The fact C++ has no stable ABI is not what stops you from creating language bindings, because you need that kind of interoperability only for those symbols that need to cross the FFI.
It's more about how the library is designed than the implementation language itself; for instance, Tensorflow is mostly written in C++, but its intended use is as a Python module. Also, by using GLib you take in so many GLib-specific types and assumptions it becomes extremely wonky using it from non-GLib code, and you often end up writing some kind of FFI anyway in order to wrap its behaviour. I've even seen some libraries ship both a C and a GLib wrapper, as if it was almost like a separate language.
LLVM is a good example of C++ being able to interface with other languages using its C FFI, being completely written in C++ but having bindings for almost every programming language.
I can count among them at least C, C++, D, Rust, OCaml and Python, for instance, and while it has an "LLVM-C" library available, you are not necessarily forced to use it; you can just export what you need directly from C++ using a file with a few functions defined as extern "C".
Rust is probably even trickier to interface with C but it's still pretty doable, given that GNOME is now rewriting several components in Rust (see librsvg).
I still think one of the main reasons C++ was discarded so quickly at the time, despite Qt and KDE being older than GNOME and in C++ already, was being born from a culture that had at the time already rejected the adoption of C++.
GNU has historically always discouraged its projects, especially those they cared about the most, from using C++. It's well documented how strongly RMS despised the language and how he actively pushed people towards using C for such tasks.
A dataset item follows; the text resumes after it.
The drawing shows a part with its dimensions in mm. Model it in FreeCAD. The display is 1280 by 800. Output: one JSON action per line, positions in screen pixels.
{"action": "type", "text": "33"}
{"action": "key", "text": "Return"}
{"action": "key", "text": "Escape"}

I think it's still written in somewhere in the GNU website, even.
Heck the GCC developers had to ask RMS the permission to switch to C++ a few years ago, due to GCC becoming harder and harder to maintain. Ironically, it used internally its own private C implementation of dynamic vectors, while being one of the main implementers of the STL. I think it even had some sort of garbage collection inside, and that they largely reimplemented an object system too using C and macros (it's been a while since I read the GCC sources, so my memories could be incorrect). RMS wasn't really that happy about it, but it grumpily said they could.
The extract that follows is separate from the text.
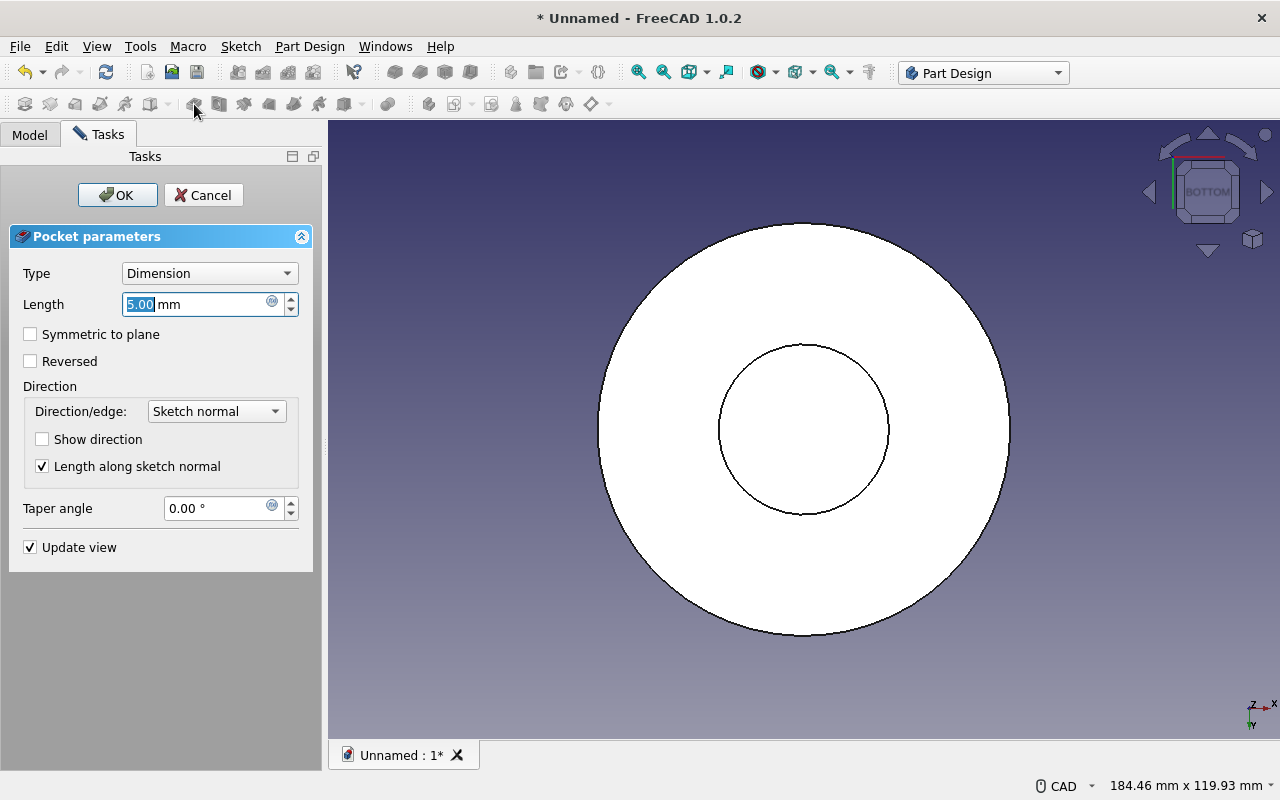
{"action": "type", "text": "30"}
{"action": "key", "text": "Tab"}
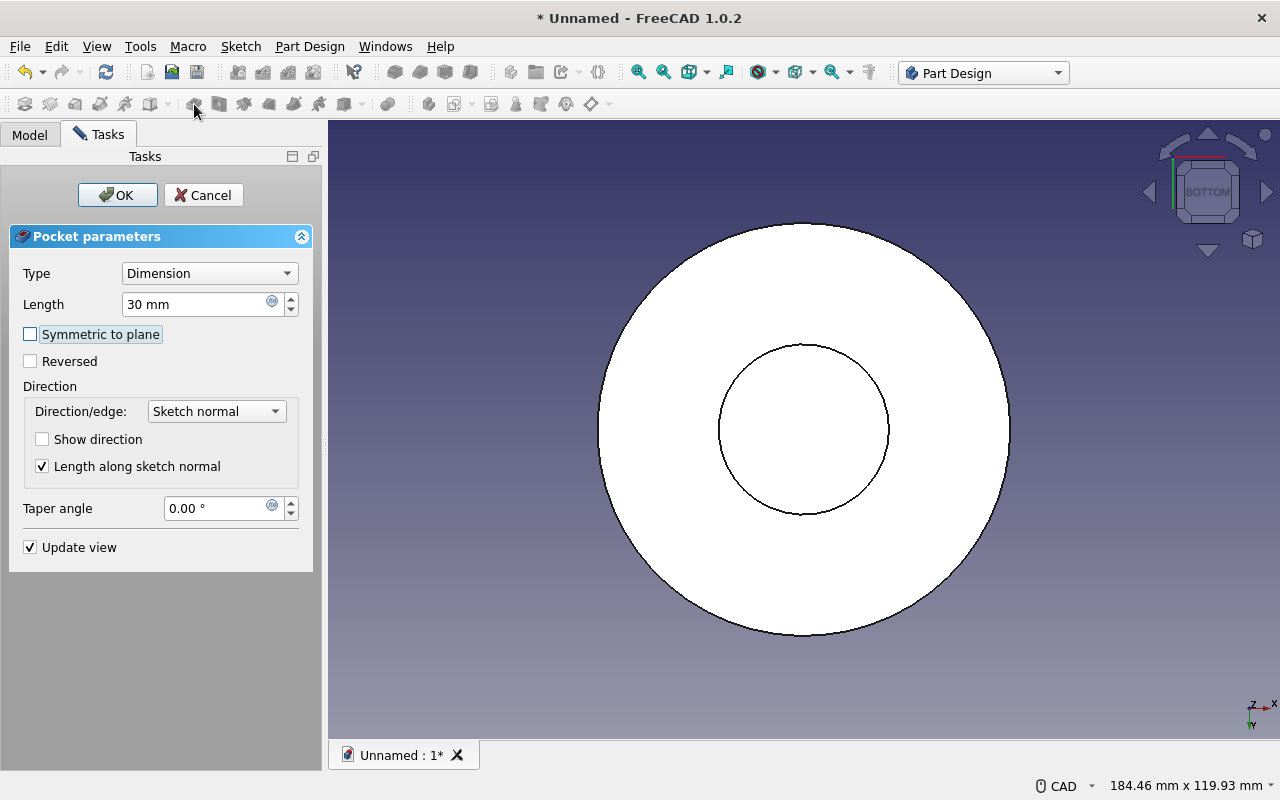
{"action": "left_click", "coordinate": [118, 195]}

The lack of standard ABI makes harder to call C++ from foreign-function interfaces or from dlopen/LoadLibrary dynamic loading functions. It lack of ABI also does not allow linking against object-codes built by the other compilers or even older versions of the same compiler.
In C, a symbol name matches the function name, if you have a function called 'void my_function()', the symbol will be 'my_function' and you will be able to load this function from a foreign function interface as libffi.load('my_function', ... types ...). The trouble with C++ bindings is that symbols are mangled, the function names are encoded, a function named 'Workaround1::get_callback()::callback' can be encoded (mangled) as _ZZN11Workaround112get_callbackEvE8callback - this encoding is specific to a given compiler ABI, in addition FFIs cannot load non-C types.
Tensorflow uses the hourglass design pattern, this library is implemented internally in C++, but does not exposes a C++ API, instead it exposes a C wrapper built with 'extern "C" and opaque pointers (void* pointers or incomplete types). This approach allows the library to be used in the same way as a C library and makes easier to call the library via FFI. Another benefit is the better binary compatibility as object-codes built with other compilers canlink against Tensorflow without any issues. Another library that uses this approach is the Squirrel embedded scripting language, that is implemented in C++, but only exposes a C API. So, this technique allows a C++ library to be used as C library and makes possible calling it through FFI.
I guess that in the case of LLVM it may also use this pattern of using C++ internally and only exposing a C API via extern "C". The disadvantage of this pattern is the need of lots cumbersome extern "C" wrappers for every member function of a class and for all exposed classes. LibClang LLVM may be helpful for automating the generation of this C wrapper code.